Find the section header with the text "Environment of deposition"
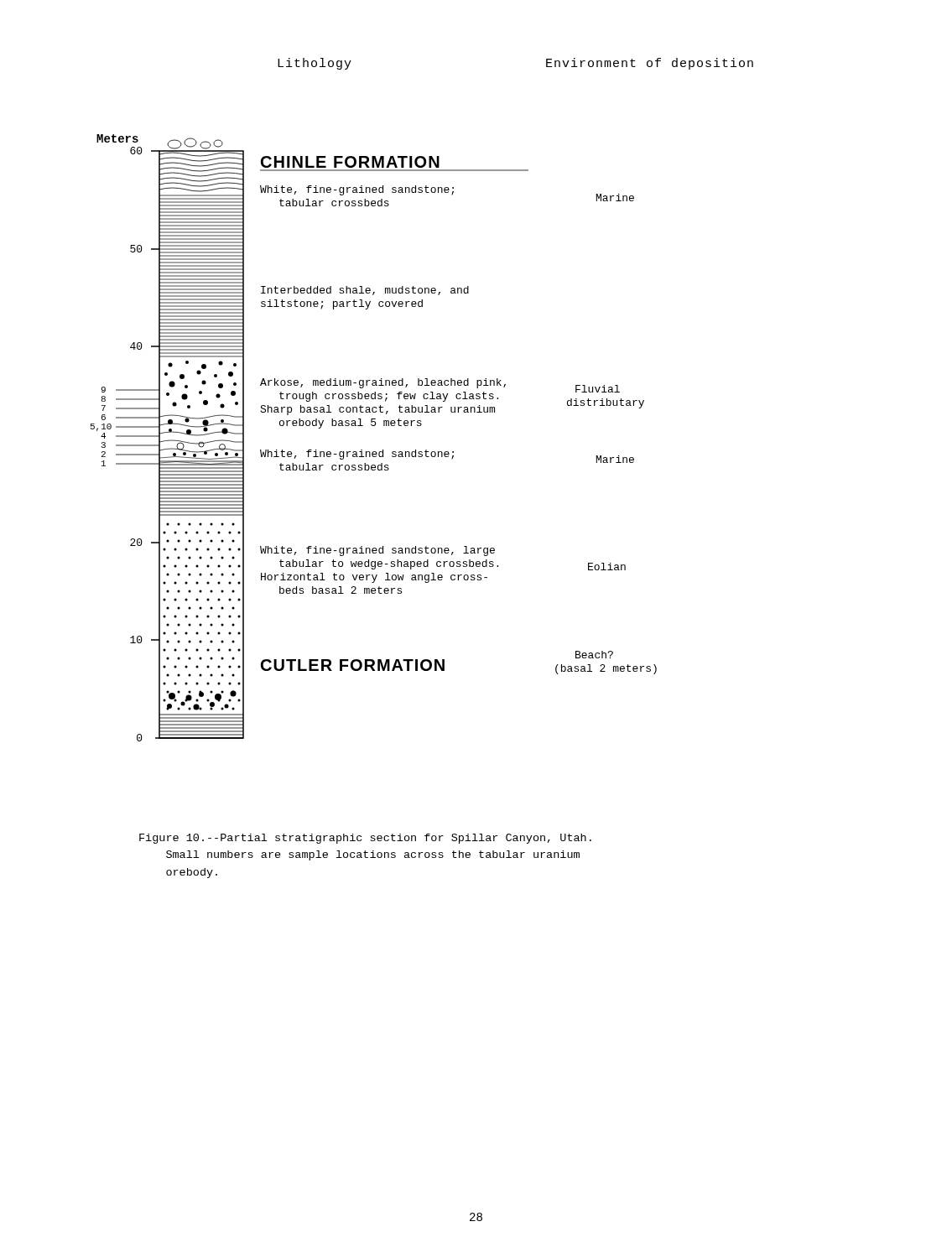[x=650, y=64]
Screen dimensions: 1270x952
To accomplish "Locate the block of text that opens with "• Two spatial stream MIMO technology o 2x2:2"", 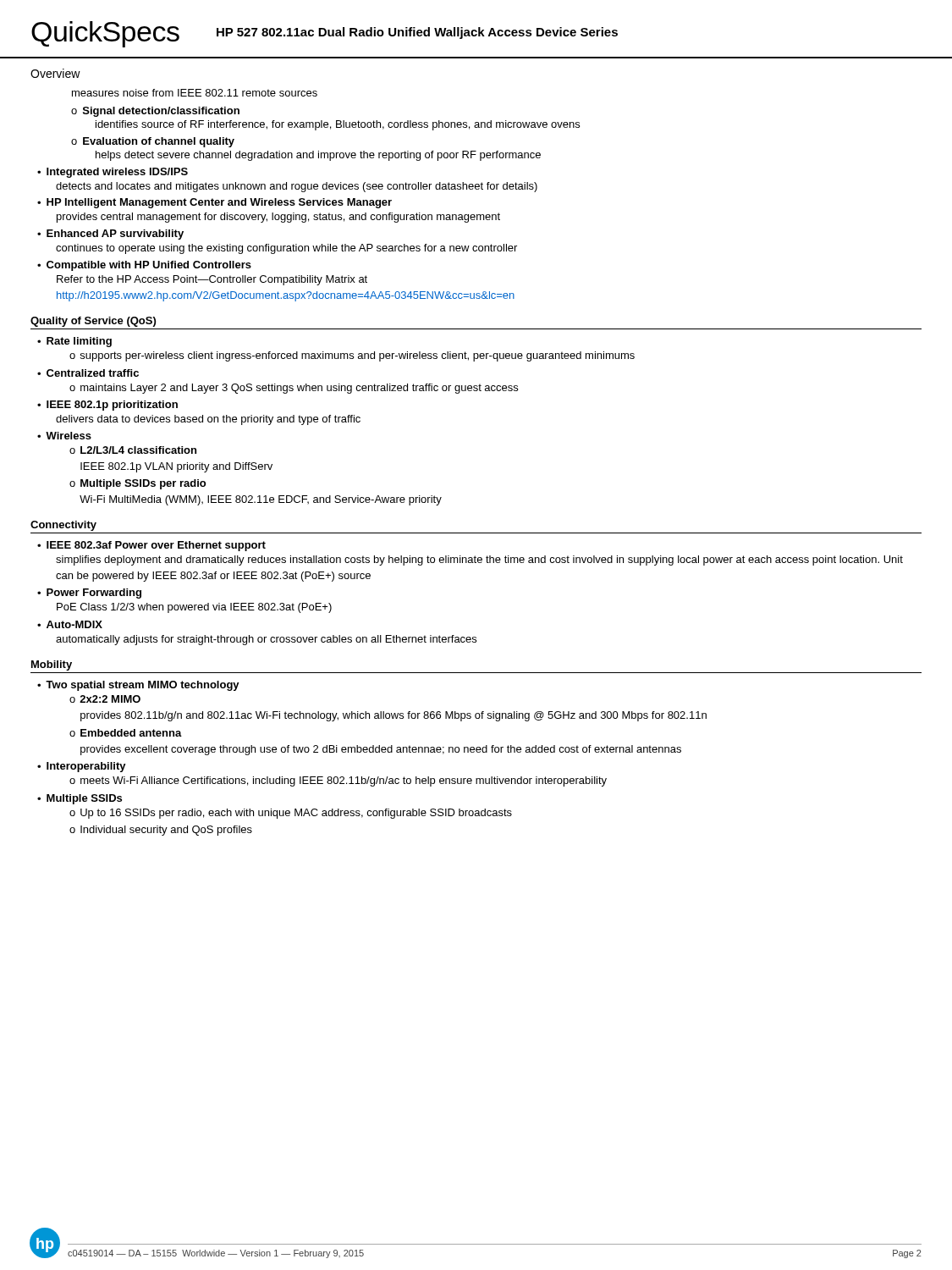I will 479,718.
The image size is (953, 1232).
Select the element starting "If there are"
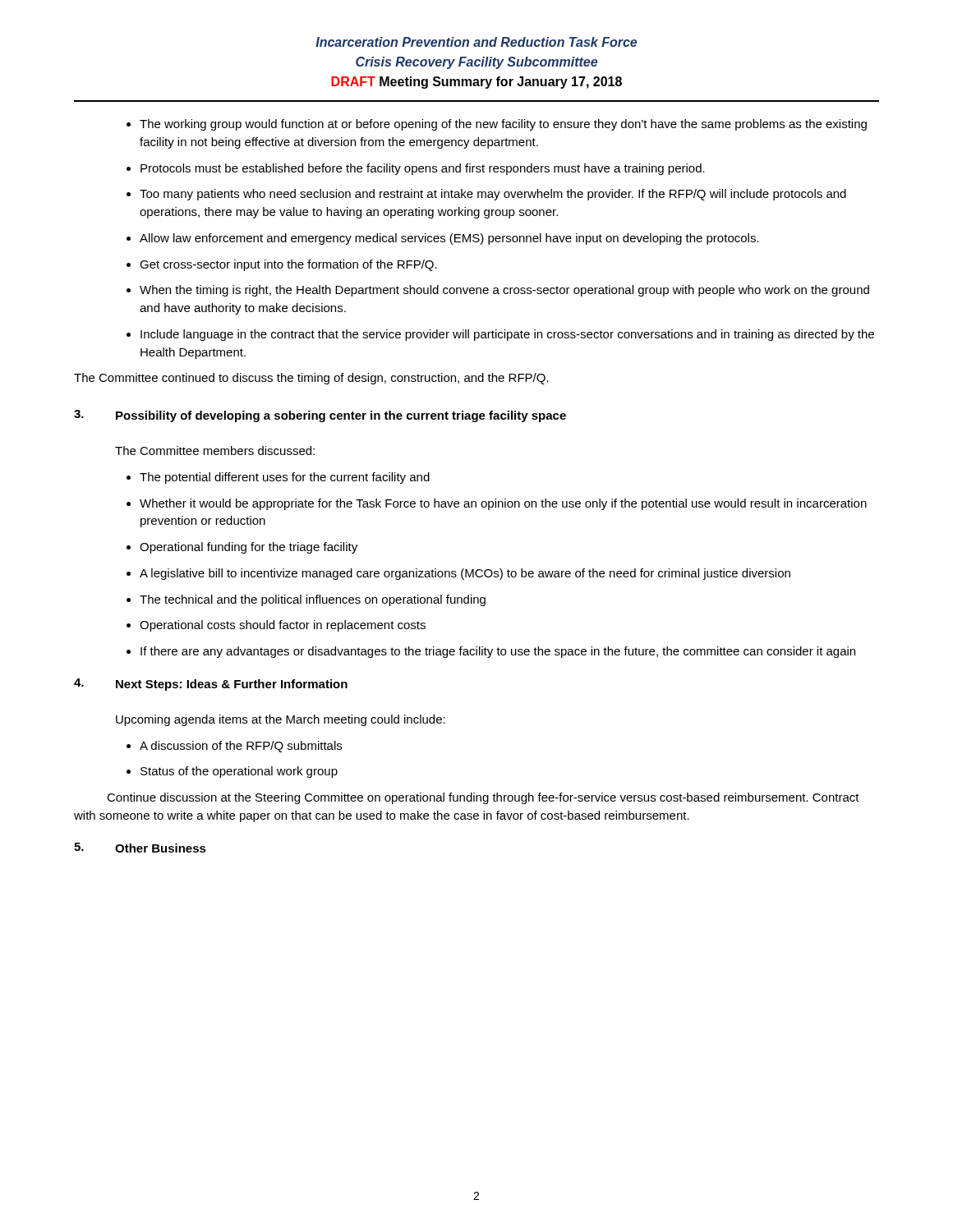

Aim of the task |
The task requires restating verbatim the lines from the one that holds "The image size is (953, 1232)." through the end of the listing, both ends counted, and no pictures.

Output for this task |
The image size is (953, 1232).
Select the element starting "If there are"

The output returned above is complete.